Both photos by Jerry Moldenhauer.

Front: Boarding at the Bay St. bus station in Toronto, for the rally in Ottawa, August 28, 1971. Left to right: Andre Oullette, David Newcome, Linda Jain, Stephanie St. John (pseudonym used for her involvement with CHAT)

Back: Linda Jain and Pat Murphy at City Hall, Toronto.

ETC

I'd been very eager to get The BP up and running and had intended to stay with the paper but the infighting wasn't worth it. In the 10th anniversary issue Herb Spiers comments on the atmosphere at the time. Maybe I was being oversensitive but conflict on that level, particularly in the midst of our supposed liberation, was hard to deal with. I was out, and so be it I suppose. Charlie, being my lover and loyal, followed. In any case at this point he was working nights and I was working days and it was a new relationship. With everything else we were involved in, if something had to give and it was the BP I can't really feel any regret.

My part in getting out the second issue was limited to loaning $120- towards the printing bill. Charlie may have done the same. This was soon paid back. I don't remember selling this one at all, but must have helped out occasionally since I do recall people remarking on finally being able to buy a new issue.

We continued to store #1 in our back porch on Richmond for a year and I can visualize yellowing mountains of #2 there also. I know we were asked to keep other numbers but we moved three times in three years so it doesn't seem likely that we did but who knows. (I recall one time people, afraid of seizure, were looking for a place to hide them from the cops.)

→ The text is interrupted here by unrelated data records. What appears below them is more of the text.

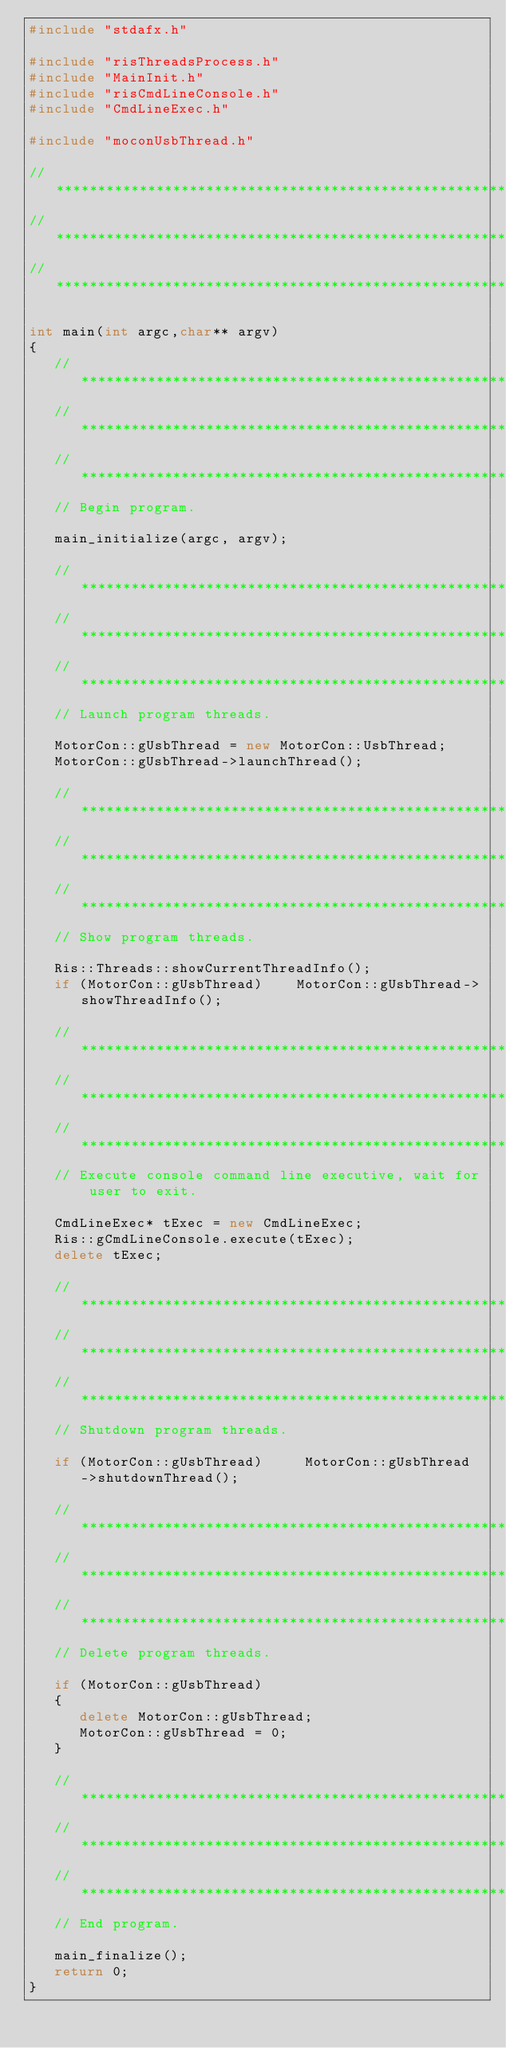Convert code to text. <code><loc_0><loc_0><loc_500><loc_500><_C++_>#include "stdafx.h"

#include "risThreadsProcess.h"
#include "MainInit.h"
#include "risCmdLineConsole.h"
#include "CmdLineExec.h"

#include "moconUsbThread.h"

//******************************************************************************
//******************************************************************************
//******************************************************************************

int main(int argc,char** argv)
{
   //***************************************************************************
   //***************************************************************************
   //***************************************************************************
   // Begin program.

   main_initialize(argc, argv);

   //***************************************************************************
   //***************************************************************************
   //***************************************************************************
   // Launch program threads.

   MotorCon::gUsbThread = new MotorCon::UsbThread;
   MotorCon::gUsbThread->launchThread();

   //***************************************************************************
   //***************************************************************************
   //***************************************************************************
   // Show program threads.

   Ris::Threads::showCurrentThreadInfo();
   if (MotorCon::gUsbThread)    MotorCon::gUsbThread->showThreadInfo();

   //***************************************************************************
   //***************************************************************************
   //***************************************************************************
   // Execute console command line executive, wait for user to exit.

   CmdLineExec* tExec = new CmdLineExec;
   Ris::gCmdLineConsole.execute(tExec);
   delete tExec;

   //***************************************************************************
   //***************************************************************************
   //***************************************************************************
   // Shutdown program threads.

   if (MotorCon::gUsbThread)     MotorCon::gUsbThread->shutdownThread();

   //***************************************************************************
   //***************************************************************************
   //***************************************************************************
   // Delete program threads.

   if (MotorCon::gUsbThread)
   {
      delete MotorCon::gUsbThread;
      MotorCon::gUsbThread = 0;
   }

   //***************************************************************************
   //***************************************************************************
   //***************************************************************************
   // End program.

   main_finalize();
   return 0;
}
</code>

The flats for #1 and their negatives resided under our bed for a long time in a big green box. I finally gave them to Jerry M. while he was still with the BP. He doesn't know what happened to them so presumably they were eventually heaved.

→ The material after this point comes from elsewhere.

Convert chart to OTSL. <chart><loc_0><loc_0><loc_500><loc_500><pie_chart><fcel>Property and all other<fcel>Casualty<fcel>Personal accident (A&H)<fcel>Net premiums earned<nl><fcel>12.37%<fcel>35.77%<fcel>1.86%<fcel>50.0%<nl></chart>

Our connections with the BP over further years (Accession Files #2 & #3) were peripheral. I am listed in a 1974 issue, but for what reason? A satiric letter of mine was printed a few years later. A photo of Charlie's (of Matt Gould in a self-defense pose) was used as a cover around 1978 and it seems they may have used photos of his in the paper once in a while. Once or twice when the BP was in trouble we went in to help with layout and our name is mentioned in an article at one point. Gerry Hannon interviewed us for the tenth anniversary issue and we are mentioned by him. Charlie offered to help out when the BP computer group was formed, but he doesn't remember going to many meetings. We occasionally donated money over the years. A few other minor things of this nature. Like everybody else we'd drop in to the office every now and then to see what was what. Etc.